## VQ-VAE
vector quantisation variational autoencoder allows you to learn discrete latent codes from data. Language is inherently discrete [1](https://arxiv.org/pdf/1711.00937), similarly speech is typically represented as a sequence of symbols. Images can often be described concisely by language.


So the understanding is that we will have fixed codes to map from high dimension to low dimension. Lets take an image x and encode to $z_{e}$ using an encoder p(z/x). Now using L2 distance we will select the closest code $z_{q}$ to $z_{e}$. Now we will decode $z_{q}$ to get $x_{q}$ using decoder p(x/z).

$$
    x \overset{\text{encoder}}{\longrightarrow} z_{e} \overset{\text{quantisation}}{\longrightarrow} z_{q} \overset{\text{decoder}}{\longrightarrow} x_{q}
$$

so if u have a image of dimension 32x32x3, we can encode it to 512 dimension ($z_{e} \in \mathbb{R}^{512}$) and have $z_{q} \in \mathbb{R}^{1024}$ codes, with each code being 512, we will calculate L2 distance between $z_{e}$ and all the codes and select the one with the least distance, use this code to decode to $x_{q}$. Now the fundamental question i have is say if u have 50k images, how are we encoding them to just 1024 codes? and how can learn/reconstruct all the images from just 1024 codes? 

## Codebook size
Input Image: 32x32x3 (RGB image)
Encoded Representation: 4x4x512
Codebook Size: 1024 codes (each code is 512-dimensional)

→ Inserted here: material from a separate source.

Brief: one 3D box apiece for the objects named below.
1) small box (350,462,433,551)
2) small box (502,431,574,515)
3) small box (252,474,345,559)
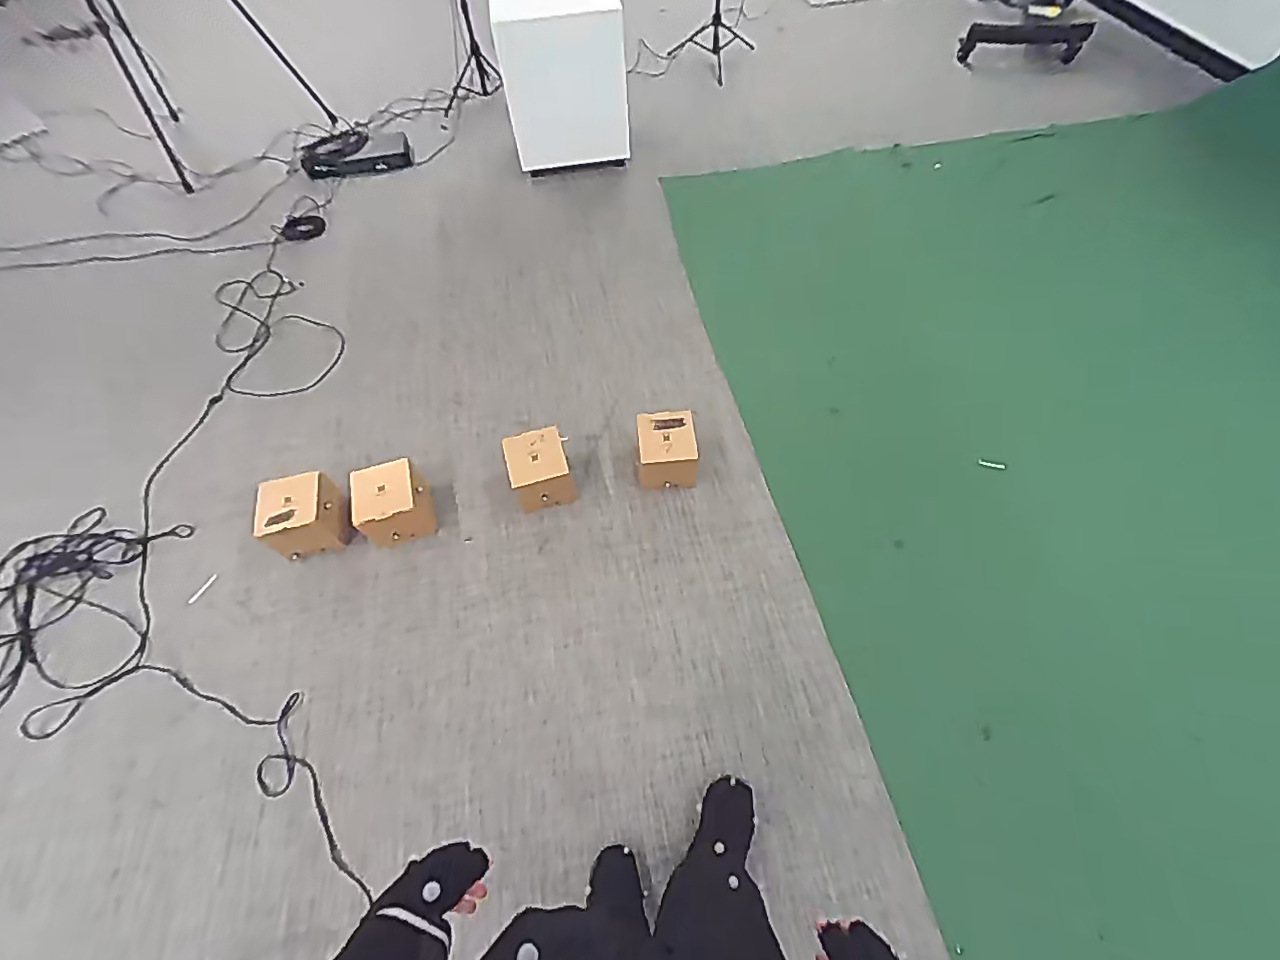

The encoder produces 16 vectors (4x4=16) where each vector is 512-dimensional. Each of these 16 vectors gets mapped to its nearest neighbor in the codebook. This means:
- Each spatial location in the 4x4 encoded space selects one code from the codebook
- We need 16 selections from the codebook to represent one image
- Total possible combinations = 1024¹⁶ (or 2⁵¹²) unique images
- This massive space (2⁵¹²) easily accommodates our 50k training images

## Compression Analysis
VQ-VAE performs lossy compression. Here's why:

Original Image Size:
- Dimensions: 32x32x3 pixels
- Bits per pixel: 8 (0-255)
- Total bits: 32 × 32 × 3 × 8 = 24,576 bits

Compressed Representation:
- Need to store 16 indices (4x4 spatial locations)
- Each index needs 10 bits (to represent 1024 choices)
- Total bits: 16 × 10 = 160 bits

Compression ratio = 24,576/160 = 153.6x reduction in size


## How to learn the codebook?
The VQ_VAE paper using the following loss function to learn the codebook.

$$
    L = ||x - D[e(x)]||^2 + ||sg[e(x)] - C||^2 + \beta ||sg[C] - e(x)||^2
$$

where $D$ is the decoder, $e$ is the encoder, $C$ is the codebook, $sg$ is the stop gradient operation, $\beta$ is a scalar hyper parameter.
The first term is the reconstruction loss, the second term is the codebook loss and the third term is the commitment loss. The encoder and decoder are trained to minimise the reconstruction loss, while the codebook is updated to minimise the codebook loss and commitment loss. 


## Commitment loss
The commitment loss is used as a regularizer to ensure that both $z_{e}$ and $z_{q}$ are not changed simultaneously which makes training unstable. Lets take an example again.
- Iteration one - image1 has selected [10, 20] code book indices and $z_{e}$ is [0.1, 0.2]
- Iteration two - image1 has selected [30, 40] code book indices and $z_{e}$ is [0.15, 0.18]
so in the above case both $z_{e}$ and $z_{q}$ are changed simultaneously. To avoid this we use the commitment loss, where we keep the codebook fixed (hence the stop gradient operation so that it does not backpropagate and change the codebook) and try to push $z_{e}$ to be close to $z_{q}$. fixing the codebook makes more sense as ultimately code book learning useful features from the data is our main priority. 



In [9]:
32*32*3*8

24576